4 thoughts on “The Numbers – Jackdaws

  1. THE NUMBERS by Christopher Burns

    Numbered 23 of 200, and signed.

    “…but the mist is clearing and the rising sun is the colour of a communion wafer.”

    Please note the date of this real-time review, this dreamcatcher of fiction, as if it has itself dreamcaught the spirit of this short cathartic or angry period in British political history. As if it is a sudden storm out of nothing, having begun like an episode of The Archers, with motivations as nonchalant nuances, the nagging weight of past misuderstandings or mistakes as two brothers meet unexpectedly at the whim of one of them, alongside the catalyst of the other one’s wife. Self-pity of the whimsical brother…
    And if I tell you any more, it will spoil this effectively described story of unscryable intention and poetic phrase – and spoil any shock it might or might not hold for you especially after what recently happened on the streets of Britain in recent days and whether the brother’s tontine prize is to remain or leave…

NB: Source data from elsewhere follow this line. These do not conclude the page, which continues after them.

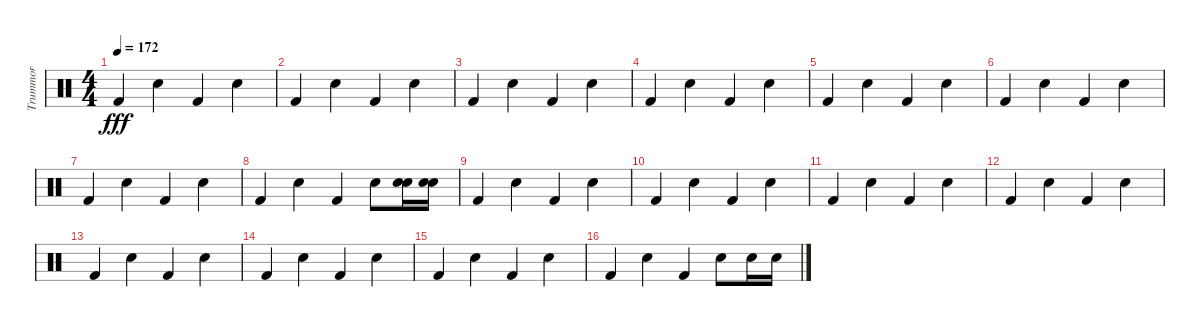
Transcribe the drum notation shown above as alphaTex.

\track ("Trummor" "Trummor") {instrument percussion}
\staff {score}
\articulation defaults
\ts (4 4)
\tempo 172
\clef neutral
\ks c "Kick (hit) 2".4{dy fff} "Snare (hit) 2".4 "Kick (hit) 2".4 "Snare (hit) 2".4
|
"Kick (hit) 2".4 "Snare (hit) 2".4 "Kick (hit) 2".4 "Snare (hit) 2".4 |
"Kick (hit) 2".4 "Snare (hit) 2".4 "Kick (hit) 2".4 "Snare (hit) 2".4 |
"Kick (hit) 2".4 "Snare (hit) 2".4 "Kick (hit) 2".4 "Snare (hit) 2".4 |
"Kick (hit) 2".4 "Snare (hit) 2".4 "Kick (hit) 2".4 "Snare (hit) 2".4 |
"Kick (hit) 2".4 "Snare (hit) 2".4 "Kick (hit) 2".4 "Snare (hit) 2".4 |
"Kick (hit) 2".4 "Snare (hit) 2".4 "Kick (hit) 2".4 "Snare (hit) 2".4 |
"Kick (hit) 2".4 "Snare (hit) 2".4 "Kick (hit) 2".4 "Snare (hit) 2".8 ("Snare (hit) 2" "Snare (hit) 2").16 ("Snare (hit) 2" "Snare (hit) 2").16 |
"Kick (hit) 2".4 "Snare (hit) 2".4 "Kick (hit) 2".4 "Snare (hit) 2".4 |
"Kick (hit) 2".4 "Snare (hit) 2".4 "Kick (hit) 2".4 "Snare (hit) 2".4 |
"Kick (hit) 2".4 "Snare (hit) 2".4 "Kick (hit) 2".4 "Snare (hit) 2".4 |
"Kick (hit) 2".4 "Snare (hit) 2".4 "Kick (hit) 2".4 "Snare (hit) 2".4 |
"Kick (hit) 2".4 "Snare (hit) 2".4 "Kick (hit) 2".4 "Snare (hit) 2".4 |
"Kick (hit) 2".4 "Snare (hit) 2".4 "Kick (hit) 2".4 "Snare (hit) 2".4 |
"Kick (hit) 2".4 "Snare (hit) 2".4 "Kick (hit) 2".4 "Snare (hit) 2".4 |
"Kick (hit) 2".4 "Snare (hit) 2".4 "Kick (hit) 2".4 "Snare (hit) 2".8 "Snare (hit) 2".16 "Snare (hit) 2".16

  2. JACKDAWS by Neil Campbell

    Copy 29 of 200, signed with understandably disguised squiggle.

    “Above all stood the bulk of Castle Naze, and the long ridge line of Coombs Edge with the cotton grass still blowing.”

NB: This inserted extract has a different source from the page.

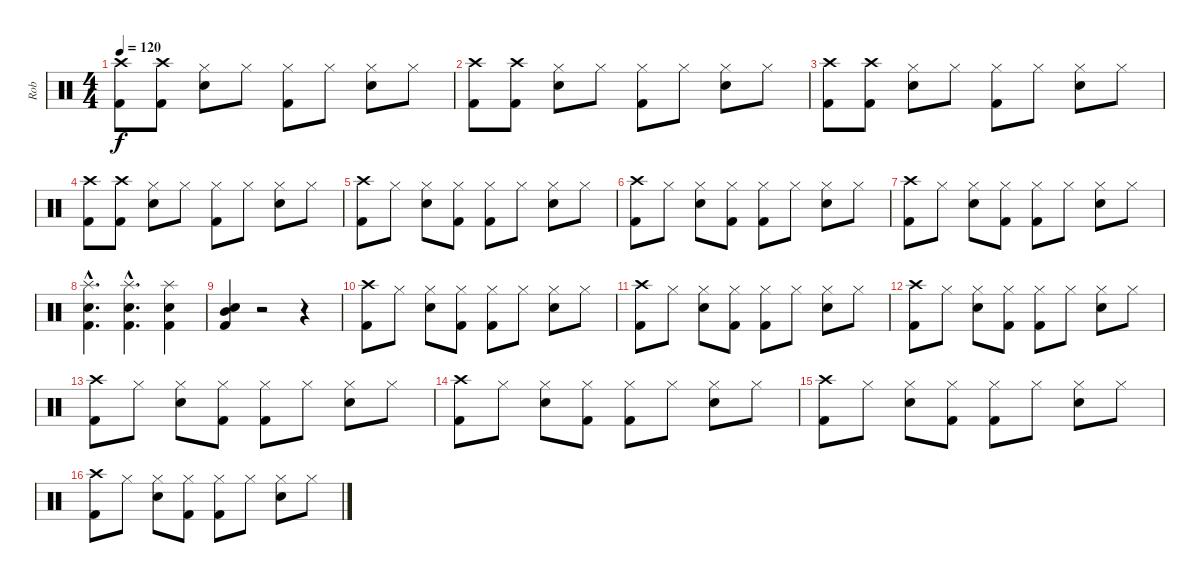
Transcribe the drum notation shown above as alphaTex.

    I was intrigued by the word ‘Naze’ as I had seen it previously used but only as part of the name of my birthplace 68 years ago, Walton-on-the-Naze…
    Beside the point …but the main, imputably shocking, point — of this obsessive, almost incantatory, almost anti-novelistic, detail-poeticised, recurrently seasonal walking through the narrator’s rural locale in Derbyshire — is also half beside the point, even if it is disguised like the beautiful pamphlet’s signature. It’s the other half of the point that counts, with the motivational nuances of the Jackdaws’ scryable patterns as well as of the tontine’s numbers in Numbers. We draw our own conclusions.
    I was also impressed with the detailed refrains of the locale’s places in the narrator’s
    art of walking around and around, not around an ‘elephant in the room’, but around, say, the evidence in the household rubbish dump. An art of walking like that of Richard Long.